> **Work instructions**
Below are entries; count the lines containing the string "dimfxlon". The answer is that number alone.

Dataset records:
════════

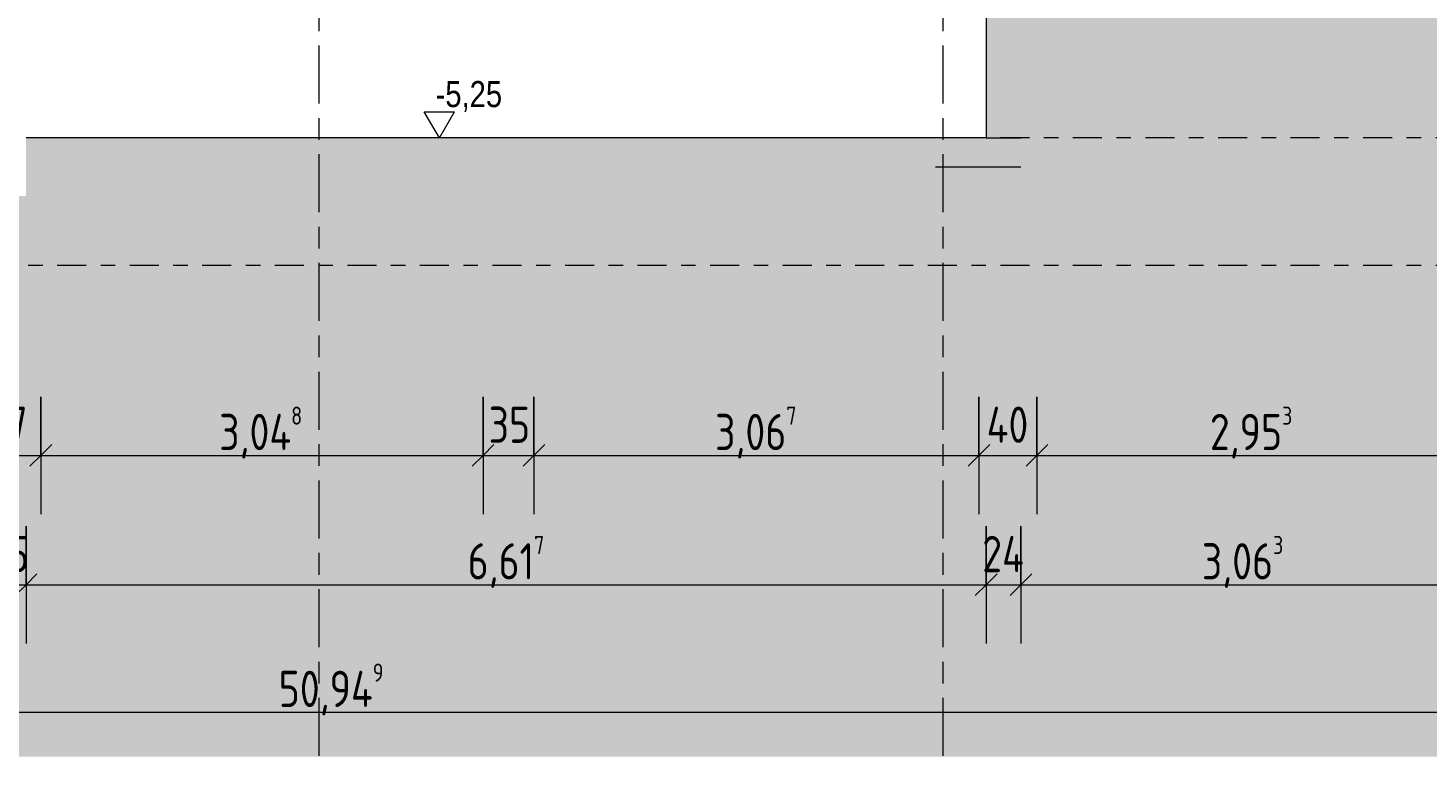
# Model space of a CAD drawing. Header units: metres. Extents: x 2 to 230, y -14 to 869.
# Tile 60 of 71: x 193.74 to 203.39, y -12.41 to -7.29. Entities that reach past the tile are written whole.
import ezdxf

# ---------------------------------------------------------------- set-up
doc = ezdxf.new("R2010")
doc.units = ezdxf.units.M
doc.linetypes.add('_Ebene_', pattern=[0.4, 0.2, -0.1, 0, -0.1])
doc.linetypes.add('_Rasterlinie_', pattern=[0.75, 0.4, -0.1, 0.15, -0.1])
for name, color, linetype, lineweight in [('A_Bem', 7, 'Continuous', 5), ('A_Bem-100', 7, 'Continuous', 5), ('A_Detailelemente', 7, 'Continuous', 9), ('A_Ebenen', 50, 'Continuous', 5), ('A_Geschossdecken', 7, 'Continuous', 5), ('A_Geschossdecken_Schraffur', 7, 'Continuous', 5), ('A_Hoehenkoten', 124, 'Continuous', 5), ('A_Raster', 128, 'Continuous', 5), ('A_Wand', 244, 'Continuous', 5), ('A_Wand_Schraff', 1, 'Continuous', 5)]:
    doc.layers.add(name, color=color, linetype=linetype, lineweight=lineweight)
doc.styles.add('Arial', font='arial.ttf', dxfattribs={"width": 0.8, "height": 0.18})
doc.styles.add('ISOCPEUR_1', font='isocpeur.ttf', dxfattribs={"width": 0.8, "height": 0.25})
doc.dimstyles.new('BLB-Standard_2_5_Aussen', dxfattribs={"dimscale": 0.3048, "dimtxt": 0.248995, "dimasz": 0.492126, "dimexe": 1.32874, "dimexo": 0.0625, "dimgap": 0.032808, "dimtad": 1, "dimrnd": 0.001, "dimzin": 0, "dimdsep": 46, "dimtxsty": 'ISOCPEUR_1', "dimblk1": 'OBLIQUE', "dimblk2": 'OBLIQUE', "dimsah": 1, "dimcen": 0.09, "dimdle": 0.164042, "dimazin": 0, "dimtfac": 1, "dimtdec": 4, "dimtix": 1, "dimtmove": 0, "dimatfit": 3, "dimfxl": 1.32874, "dimfxlon": 1, "dimtvp": 1, "dimtolj": 1, "dimtzin": 0, "dimarcsym": 2})
doc.dimstyles.new('BLB-Standard_2_5_Aussen_1', dxfattribs={"dimscale": 0.3048, "dimtxt": 0.248995, "dimasz": 0.492126, "dimexe": 1.32874, "dimexo": 0.0625, "dimgap": 0.032808, "dimtad": 1, "dimdec": 1, "dimlfac": 100, "dimrnd": 0.1, "dimdsep": 46, "dimtxsty": 'ISOCPEUR_1', "dimblk1": 'OBLIQUE', "dimblk2": 'OBLIQUE', "dimsah": 1, "dimcen": 0.09, "dimdle": 0.164042, "dimazin": 0, "dimtfac": 1, "dimtdec": 4, "dimtix": 1, "dimtmove": 0, "dimatfit": 3, "dimfxl": 1.32874, "dimfxlon": 1, "dimtvp": 1, "dimtolj": 1, "dimtzin": 0, "dimarcsym": 2})

# ---------------------------------------------------------------- blocks, each defined once
blk = doc.blocks.new('DIMBLOCK89-H')
at = {"layer": 'A_Bem-100'}
for p, q in [((193.4787, -10.7223), (193.4787, -11.5323)), ((193.4787, -11.1273), (193.4787, -10.7223)), ((193.7287, -10.7223), (193.7287, -11.5323)), ((193.7287, -11.1273), (193.7287, -10.7223)), ((193.4787, -11.1273), (193.7287, -11.1273))]:
    blk.add_line(p, q, dxfattribs=at)
at = {"layer": 'A_Bem-100', "lineweight": 9}
for p, q in [((193.4787, -11.1273), (193.5537, -11.0523)), ((193.7287, -11.1273), (193.8037, -11.0523)), ((193.4787, -11.1273), (193.4037, -11.2023)), ((193.7287, -11.1273), (193.6537, -11.2023))]:
    blk.add_line(p, q, dxfattribs=at)
at = {"layer": 'A_Bem-100', "color": 0, "insert": (193.4668, -10.7907), "char_height": 0.25, "width": 0.328652, "attachment_point": 1, "line_spacing_factor": 1.149209, "style": 'ISOCPEUR_1'}
blk.add_mtext('25', dxfattribs=at)
blk = doc.blocks.new('_Oblique')
at = {"color": 0, "linetype": 'ByBlock', "lineweight": -2}
blk.add_line((-0.5, -0.5), (0.5, 0.5), dxfattribs=at)
blk = doc.blocks.new('DIMBLOCK90-H')
at = {"layer": 'A_Bem-100'}
for p, q in [((193.7287, -10.7223), (193.7287, -11.5323)), ((193.7287, -11.1273), (193.7287, -10.7223)), ((200.3454, -10.7223), (200.3454, -11.5323)), ((200.3454, -11.1273), (200.3454, -10.7223)), ((193.7287, -11.1273), (200.3454, -11.1273))]:
    blk.add_line(p, q, dxfattribs=at)
at = {"layer": 'A_Bem-100', "lineweight": 9}
for p, q in [((193.7287, -11.1273), (193.8037, -11.0523)), ((200.3454, -11.1273), (200.4204, -11.0523)), ((193.7287, -11.1273), (193.6537, -11.2023)), ((200.3454, -11.1273), (200.2704, -11.2023))]:
    blk.add_line(p, q, dxfattribs=at)
at = {"layer": 'A_Bem-100', "color": 0, "insert": (196.7719, -10.7907), "char_height": 0.25, "width": 0.63639, "attachment_point": 1, "line_spacing_factor": 1.149209, "style": 'ISOCPEUR_1'}
blk.add_mtext('6,61\\A2\\H0.5x;\\S7^  ;\\H2x;', dxfattribs=at)
blk = doc.blocks.new('DIMBLOCK91-H')
at = {"layer": 'A_Bem-100'}
for p, q in [((200.3454, -10.7223), (200.3454, -11.5323)), ((200.3454, -11.1273), (200.3454, -10.7223)), ((200.5854, -10.7223), (200.5854, -11.5323)), ((200.5854, -11.1273), (200.5854, -10.7223)), ((200.3454, -11.1273), (200.5854, -11.1273))]:
    blk.add_line(p, q, dxfattribs=at)
at = {"layer": 'A_Bem-100', "lineweight": 9}
for p, q in [((200.3454, -11.1273), (200.4204, -11.0523)), ((200.5854, -11.1273), (200.6604, -11.0523)), ((200.3454, -11.1273), (200.2704, -11.2023)), ((200.5854, -11.1273), (200.5104, -11.2023))]:
    blk.add_line(p, q, dxfattribs=at)
at = {"layer": 'A_Bem-100', "color": 0, "insert": (200.3185, -10.7907), "char_height": 0.25, "width": 0.352554, "attachment_point": 1, "line_spacing_factor": 1.149209, "style": 'ISOCPEUR_1'}
blk.add_mtext('24', dxfattribs=at)
blk = doc.blocks.new('DIMBLOCK92-H')
at = {"layer": 'A_Bem-100'}
for p, q in [((200.5854, -10.7223), (200.5854, -11.5323)), ((200.5854, -11.1273), (200.5854, -10.7223)), ((203.6487, -10.7223), (203.6487, -11.5323)), ((203.6487, -11.1273), (203.6487, -10.7223)), ((200.5854, -11.1273), (203.6487, -11.1273))]:
    blk.add_line(p, q, dxfattribs=at)
at = {"layer": 'A_Bem-100', "lineweight": 9}
for p, q in [((200.5854, -11.1273), (200.6604, -11.0523)), ((203.6487, -11.1273), (203.7237, -11.0523)), ((200.5854, -11.1273), (200.5104, -11.2023)), ((203.6487, -11.1273), (203.5737, -11.2023))]:
    blk.add_line(p, q, dxfattribs=at)
at = {"layer": 'A_Bem-100', "color": 0, "insert": (201.832, -10.7907), "char_height": 0.25, "width": 0.684194, "attachment_point": 1, "line_spacing_factor": 1.149209, "style": 'ISOCPEUR_1'}
blk.add_mtext('3,06\\A2\\H0.5x;\\S3^  ;\\H2x;', dxfattribs=at)
blk = doc.blocks.new('DIMBLOCK106-H')
at = {"layer": 'A_Bem-100'}
for p, q in [((170.3588, -11.6023), (170.3588, -12.4123)), ((170.3588, -12.0073), (170.3588, -11.6023)), ((221.3077, -11.6023), (221.3077, -12.4123)), ((221.3077, -12.0073), (221.3077, -11.6023)), ((170.3088, -12.0073), (221.3577, -12.0073))]:
    blk.add_line(p, q, dxfattribs=at)
at = {"layer": 'A_Bem-100', "lineweight": 9}
for p, q in [((170.3588, -12.0073), (170.4338, -11.9323)), ((221.3077, -12.0073), (221.3827, -11.9323)), ((170.3588, -12.0073), (170.2838, -12.0823)), ((221.3077, -12.0073), (221.2327, -12.0823))]:
    blk.add_line(p, q, dxfattribs=at)
at = {"layer": 'A_Bem-100', "color": 0, "insert": (195.4698, -11.6707), "char_height": 0.25, "width": 0.872422, "attachment_point": 1, "line_spacing_factor": 1.149209, "style": 'ISOCPEUR_1'}
blk.add_mtext('50,94\\A2\\H0.5x;\\S9^  ;\\H2x;', dxfattribs=at)
blk = doc.blocks.new('DIMBLOCK119-H')
at = {"layer": 'A_Bem-100'}
for p, q in [((193.3608, -9.8302), (193.3608, -10.6402)), ((193.3608, -10.2352), (193.3608, -9.8302)), ((193.8308, -9.8302), (193.8308, -10.6402)), ((193.8308, -10.2352), (193.8308, -9.8302)), ((193.3608, -10.2352), (193.8308, -10.2352))]:
    blk.add_line(p, q, dxfattribs=at)
at = {"layer": 'A_Bem-100', "lineweight": 9}
for p, q in [((193.3608, -10.2352), (193.4358, -10.1602)), ((193.8308, -10.2352), (193.9058, -10.1602)), ((193.3608, -10.2352), (193.2858, -10.3102)), ((193.8308, -10.2352), (193.7558, -10.3102))]:
    blk.add_line(p, q, dxfattribs=at)
at = {"layer": 'A_Bem-100', "color": 0, "insert": (193.4489, -9.8986), "char_height": 0.25, "width": 0.352554, "attachment_point": 1, "line_spacing_factor": 1.149209, "style": 'ISOCPEUR_1'}
blk.add_mtext('47', dxfattribs=at)
blk = doc.blocks.new('DIMBLOCK120-H')
at = {"layer": 'A_Bem-100'}
for p, q in [((193.8308, -9.8302), (193.8308, -10.6402)), ((193.8308, -10.2352), (193.8308, -9.8302)), ((196.8787, -9.8302), (196.8787, -10.6402)), ((196.8787, -10.2352), (196.8787, -9.8302)), ((193.8308, -10.2352), (196.8787, -10.2352))]:
    blk.add_line(p, q, dxfattribs=at)
at = {"layer": 'A_Bem-100', "lineweight": 9}
for p, q in [((193.8308, -10.2352), (193.9058, -10.1602)), ((196.8787, -10.2352), (196.9537, -10.1602)), ((193.8308, -10.2352), (193.7558, -10.3102)), ((196.8787, -10.2352), (196.8037, -10.3102))]:
    blk.add_line(p, q, dxfattribs=at)
at = {"layer": 'A_Bem-100', "color": 0, "insert": (195.0597, -9.8986), "char_height": 0.25, "width": 0.708096, "attachment_point": 1, "line_spacing_factor": 1.149209, "style": 'ISOCPEUR_1'}
blk.add_mtext('3,04\\A2\\H0.5x;\\S8^  ;\\H2x;', dxfattribs=at)
blk = doc.blocks.new('DIMBLOCK121-H')
at = {"layer": 'A_Bem-100'}
for p, q in [((196.8787, -9.8302), (196.8787, -10.6402)), ((196.8787, -10.2352), (196.8787, -9.8302)), ((197.2287, -9.8302), (197.2287, -10.6402)), ((197.2287, -10.2352), (197.2287, -9.8302)), ((196.8787, -10.2352), (197.2287, -10.2352))]:
    blk.add_line(p, q, dxfattribs=at)
at = {"layer": 'A_Bem-100', "lineweight": 9}
for p, q in [((196.8787, -10.2352), (196.9537, -10.1602)), ((197.2287, -10.2352), (197.3037, -10.1602)), ((196.8787, -10.2352), (196.8037, -10.3102)), ((197.2287, -10.2352), (197.1537, -10.3102))]:
    blk.add_line(p, q, dxfattribs=at)
at = {"layer": 'A_Bem-100', "color": 0, "insert": (196.9168, -9.8986), "char_height": 0.25, "width": 0.328652, "attachment_point": 1, "line_spacing_factor": 1.149209, "style": 'ISOCPEUR_1'}
blk.add_mtext('35', dxfattribs=at)
blk = doc.blocks.new('DIMBLOCK122-H')
at = {"layer": 'A_Bem-100'}
for p, q in [((197.2287, -9.8302), (197.2287, -10.6402)), ((197.2287, -10.2352), (197.2287, -9.8302)), ((200.2958, -9.8302), (200.2958, -10.6402)), ((200.2958, -10.2352), (200.2958, -9.8302)), ((197.2287, -10.2352), (200.2958, -10.2352))]:
    blk.add_line(p, q, dxfattribs=at)
at = {"layer": 'A_Bem-100', "lineweight": 9}
for p, q in [((197.2287, -10.2352), (197.3037, -10.1602)), ((200.2958, -10.2352), (200.3708, -10.1602)), ((197.2287, -10.2352), (197.1537, -10.3102)), ((200.2958, -10.2352), (200.2208, -10.3102))]:
    blk.add_line(p, q, dxfattribs=at)
at = {"layer": 'A_Bem-100', "color": 0, "insert": (198.4772, -9.8986), "char_height": 0.25, "width": 0.684194, "attachment_point": 1, "line_spacing_factor": 1.149209, "style": 'ISOCPEUR_1'}
blk.add_mtext('3,06\\A2\\H0.5x;\\S7^  ;\\H2x;', dxfattribs=at)
blk = doc.blocks.new('DIMBLOCK123-H')
at = {"layer": 'A_Bem-100'}
for p, q in [((200.2958, -9.8302), (200.2958, -10.6402)), ((200.2958, -10.2352), (200.2958, -9.8302)), ((200.6958, -9.8302), (200.6958, -10.6402)), ((200.6958, -10.2352), (200.6958, -9.8302)), ((200.2958, -10.2352), (200.6958, -10.2352))]:
    blk.add_line(p, q, dxfattribs=at)
at = {"layer": 'A_Bem-100', "lineweight": 9}
for p, q in [((200.2958, -10.2352), (200.3708, -10.1602)), ((200.6958, -10.2352), (200.7708, -10.1602)), ((200.2958, -10.2352), (200.2208, -10.3102)), ((200.6958, -10.2352), (200.6208, -10.3102))]:
    blk.add_line(p, q, dxfattribs=at)
at = {"layer": 'A_Bem-100', "color": 0, "insert": (200.3489, -9.8986), "char_height": 0.25, "width": 0.352554, "attachment_point": 1, "line_spacing_factor": 1.149209, "style": 'ISOCPEUR_1'}
blk.add_mtext('40', dxfattribs=at)
blk = doc.blocks.new('DIMBLOCK124-H')
at = {"layer": 'A_Bem-100'}
for p, q in [((200.6958, -9.8302), (200.6958, -10.6402)), ((200.6958, -10.2352), (200.6958, -9.8302)), ((203.6487, -9.8302), (203.6487, -10.6402)), ((203.6487, -10.2352), (203.6487, -9.8302)), ((200.6958, -10.2352), (203.6487, -10.2352))]:
    blk.add_line(p, q, dxfattribs=at)
at = {"layer": 'A_Bem-100', "lineweight": 9}
for p, q in [((200.6958, -10.2352), (200.7708, -10.1602)), ((203.6487, -10.2352), (203.7237, -10.1602)), ((200.6958, -10.2352), (200.6208, -10.3102)), ((203.6487, -10.2352), (203.5737, -10.3102))]:
    blk.add_line(p, q, dxfattribs=at)
at = {"layer": 'A_Bem-100', "color": 0, "insert": (201.8872, -9.8986), "char_height": 0.25, "width": 0.684194, "attachment_point": 1, "line_spacing_factor": 1.149209, "style": 'ISOCPEUR_1'}
blk.add_mtext('2,95\\A2\\H0.5x;\\S3^  ;\\H2x;', dxfattribs=at)
blk = doc.blocks.new('Höhenkoten - leer-6237472-H')
at = {"layer": 'A_Hoehenkoten'}
for p, q in [((-20.0598, -8.7451), (-20.2677, -8.7451)), ((-20.1637, -8.9251), (-20.2677, -8.7451)), ((-20.1637, -8.9251), (-20.0598, -8.7451))]:
    blk.add_line(p, q, dxfattribs=at)

msp = doc.modelspace()

# ---------------------------------------------------------------- hatches: boundary and pattern name
at = {"layer": 'A_Detailelemente'}
msp.add_hatch(color=254, dxfattribs=at).paths.add_polyline_path([(222.0294, -12.3131), (225.6924, -12.3131), (225.6924, -3.4886), (225.6907, -3.4886), (224.2609, -3.4637), (224.2609, -3.3638), (222.985, -3.3638), (222.985, -7.1851), (223.4382, -7.1851), (223.4382, -8.0351), (222.3582, -8.0351), (222.3582, -7.1851), (222.745, -7.1851), (222.745, -5.5301), (221.3109, -5.5301), (221.3109, -7.1851), (221.6821, -7.1851), (221.6821, -8.0351), (220.6021, -8.0351), (220.6021, -7.1851), (210.9191, -7.1851), (210.9191, -7.6851), (209.9591, -7.6851), (209.9591, -7.1851), (210.3091, -7.1851), (210.3091, -6.7551), (209.1226, -6.7551), (209.1226, -6.5151), (209.0467, -6.5151), (208.7418, -6.2102), (208.7418, -6.0337), (208.466, -6.0337), (207.634, -5.4951), (206.6992, -5.4951), (206.6992, -7.1451), (207.0343, -7.1451), (207.0343, -7.6451), (206.0343, -7.6451), (206.0343, -7.1451), (200.5854, -7.1451), (200.5854, -8.2451), (200.9354, -8.2451), (200.9354, -9.0951), (199.9954, -9.0951), (199.9954, -8.2451), (193.7287, -8.2451), (193.7287, -8.4451), (194.0787, -8.4451), (194.0787, -8.9451), (193.1287, -8.9451), (193.1287, -8.4451), (188.9991, -8.4451), (188.9991, -8.9451), (188.0491, -8.9451), (188.0491, -8.4451), (184.4263, -8.4451), (184.4263, -9.1251), (184.7763, -9.1251), (184.7763, -9.6251), (183.7763, -9.6251), (183.7763, -9.1251), (171.0088, -9.1251), (171.0088, -9.6251), (170.0088, -9.6251), (170.0088, -9.1251), (170.355, -9.1251), (170.355, -3.6251), (169.9157, -3.6279), (169.5215, -3.6375), (167.0845, -3.7492), (167.0845, -12.3131), (218.3664, -12.3131)], flags=0)
at = {"layer": 'A_Geschossdecken_Schraffur', "lineweight": 9}
for points in [[(199.9954, -8.2451), (200.5854, -8.2451), (200.5854, -8.0451), (193.7287, -8.0451), (193.7287, -8.2451), (196.3885, -8.2451)], [(200.9354, -9.0951), (200.9354, -8.2451), (199.9954, -8.2451), (199.9954, -9.0951)]]:
    msp.add_hatch(color=253, dxfattribs=at).paths.add_polyline_path(points, flags=0)
h = msp.add_hatch(color=253, dxfattribs=at)
h.paths.add_polyline_path([(194.0787, -8.9451), (194.0787, -8.4451), (193.1287, -8.4451), (193.1287, -8.9451), (193.7287, -8.9451)], flags=0)
h.paths.add_polyline_path([(188.9991, -8.9451), (188.9991, -8.4451), (188.0491, -8.4451), (188.0491, -8.9451)], flags=0)
at = {"layer": 'A_Wand_Schraff', "lineweight": 9}
msp.add_hatch(color=253, dxfattribs=at).paths.add_polyline_path([(200.3454, -8.0451), (200.5854, -8.0451), (200.5854, -7.1451), (200.3454, -7.1451)], flags=0)

# ---------------------------------------------------------------- linework, layer by layer
at = {"layer": 'A_Ebenen', "color": 130, "linetype": '_Ebene_', "lineweight": 9}
for p, q in [((226.6435, -8.0451), (166.1108, -8.0451)), ((226.6435, -8.9251), (166.1108, -8.9251))]:
    msp.add_line(p, q, dxfattribs=at)
at = {"layer": 'A_Geschossdecken', "color": 250, "lineweight": 9}
for p, q in [((200.3454, -8.0451), (193.7287, -8.0451)), ((199.9954, -8.2451), (200.5854, -8.2451))]:
    msp.add_line(p, q, dxfattribs=at)
at = {"layer": 'A_Raster', "linetype": '_Rasterlinie_', "lineweight": 9}
for p, q in [((195.7491, -12.308), (195.7491, 9.9864)), ((200.0491, -12.308), (200.0491, 9.9864))]:
    msp.add_line(p, q, dxfattribs=at)
at = {"layer": 'A_Wand', "color": 250, "lineweight": 9}
for p, q in [((200.3454, -3.1651), (200.3454, -8.0451)), ((200.3454, -8.0451), (200.5854, -8.0451))]:
    msp.add_line(p, q, dxfattribs=at)

# ---------------------------------------------------------------- block references
at = {"layer": 'A_Hoehenkoten', "extrusion": (0, 0, -1)}
msp.add_blockref('Höhenkoten - leer-6237472-H', (-176.4134, 0.88), dxfattribs=at)

# ---------------------------------------------------------------- texts
at = {"layer": 'A_Hoehenkoten', "insert": (196.5513, -7.6529), "char_height": 0.18, "width": 0.542095, "attachment_point": 1, "line_spacing_factor": 0.941778, "style": 'Arial'}
msp.add_mtext('-5,25', dxfattribs=at)

# ---------------------------------------------------------------- dimensions: what is measured, and where the dimension line sits
at = {"layer": 'A_Bem'}
for base, p1, p2, override, picture, middle in [((193.8308, -10.2352), (193.3608, -9.8302), (193.8308, -9.8302), {"dimpost": '<>', "dimfxl": 0.47}, 'DIMBLOCK119-H', (193.5958, -10.1002)), ((197.2287, -10.2352), (196.8787, -9.8302), (197.2287, -9.8302), {"dimpost": '<>', "dimfxl": 0.35}, 'DIMBLOCK121-H', (197.0537, -10.1002)), ((200.6958, -10.2352), (200.2958, -9.8302), (200.6958, -9.8302), {"dimpost": '<>', "dimfxl": 0.4}, 'DIMBLOCK123-H', (200.4958, -10.1002)), ((193.7287, -11.1273), (193.4787, -10.7223), (193.7287, -10.7223), {"dimpost": '<>', "dimfxl": 0.25}, 'DIMBLOCK89-H', (193.6037, -10.9923)), ((200.5854, -11.1273), (200.3454, -10.7223), (200.5854, -10.7223), {"dimpost": '<>', "dimfxl": 0.24}, 'DIMBLOCK91-H', (200.4654, -10.9923))]:
    dim = msp.add_linear_dim(base=base, p1=p1, p2=p2, dimstyle='BLB-Standard_2_5_Aussen_1', override=override, dxfattribs=at)
    dim.commit()
    dim.dimension.update_dxf_attribs({"geometry": picture, "text_midpoint": middle})
for base, p1, p2, text, override, picture, middle in [((196.8787, -10.2352), (193.8308, -9.8302), (196.8787, -9.8302), '\\A1;3,04\\Q;{\\A1;{\\H0.5x;\\S8^ ;}}', {"dimpost": '<>', "dimfxl": 3.047911}, 'DIMBLOCK120-H', (195.3548, -10.0752)), ((200.2958, -10.2352), (197.2287, -9.8302), (200.2958, -9.8302), '\\A1;3,06\\Q;{\\A1;{\\H0.5x;\\S7^ ;}}', {"dimpost": '<>', "dimfxl": 3.067063}, 'DIMBLOCK122-H', (198.7623, -10.0752)), ((203.6487, -10.2352), (200.6958, -9.8302), (203.6487, -9.8302), '\\A1;2,95\\Q;{\\A1;{\\H0.5x;\\S3^ ;}}', {"dimpost": '<>', "dimfxl": 2.952873}, 'DIMBLOCK124-H', (202.1722, -10.0752)), ((200.3454, -11.1273), (193.7287, -10.7223), (200.3454, -10.7223), '\\A1;6,61\\Q;{\\A1;{\\H0.5x;\\S7^ ;}}', {"dimpost": '<>', "dimfxl": 6.61672}, 'DIMBLOCK90-H', (197.0371, -10.9673)), ((203.6487, -11.1273), (200.5854, -10.7223), (203.6487, -10.7223), '\\A1;3,06\\Q;{\\A1;{\\H0.5x;\\S3^ ;}}', {"dimpost": '<>', "dimfxl": 3.063224}, 'DIMBLOCK92-H', (202.1171, -10.9673)), ((221.3077, -12.0073), (170.3588, -11.6023), (221.3077, -11.6023), '\\A1;50,94\\Q;{\\A1;{\\H0.5x;\\S9^ ;}}', {"dimpost": '<>', "dimfxl": 50.948895}, 'DIMBLOCK106-H', (195.8333, -11.8473))]:
    dim = msp.add_linear_dim(base=base, p1=p1, p2=p2, text=text, dimstyle='BLB-Standard_2_5_Aussen', override=override, dxfattribs=at)
    dim.commit()
    dim.dimension.update_dxf_attribs({"geometry": picture, "text_midpoint": middle})

doc.saveas('drawing.dxf')

════════

> **The answer**
2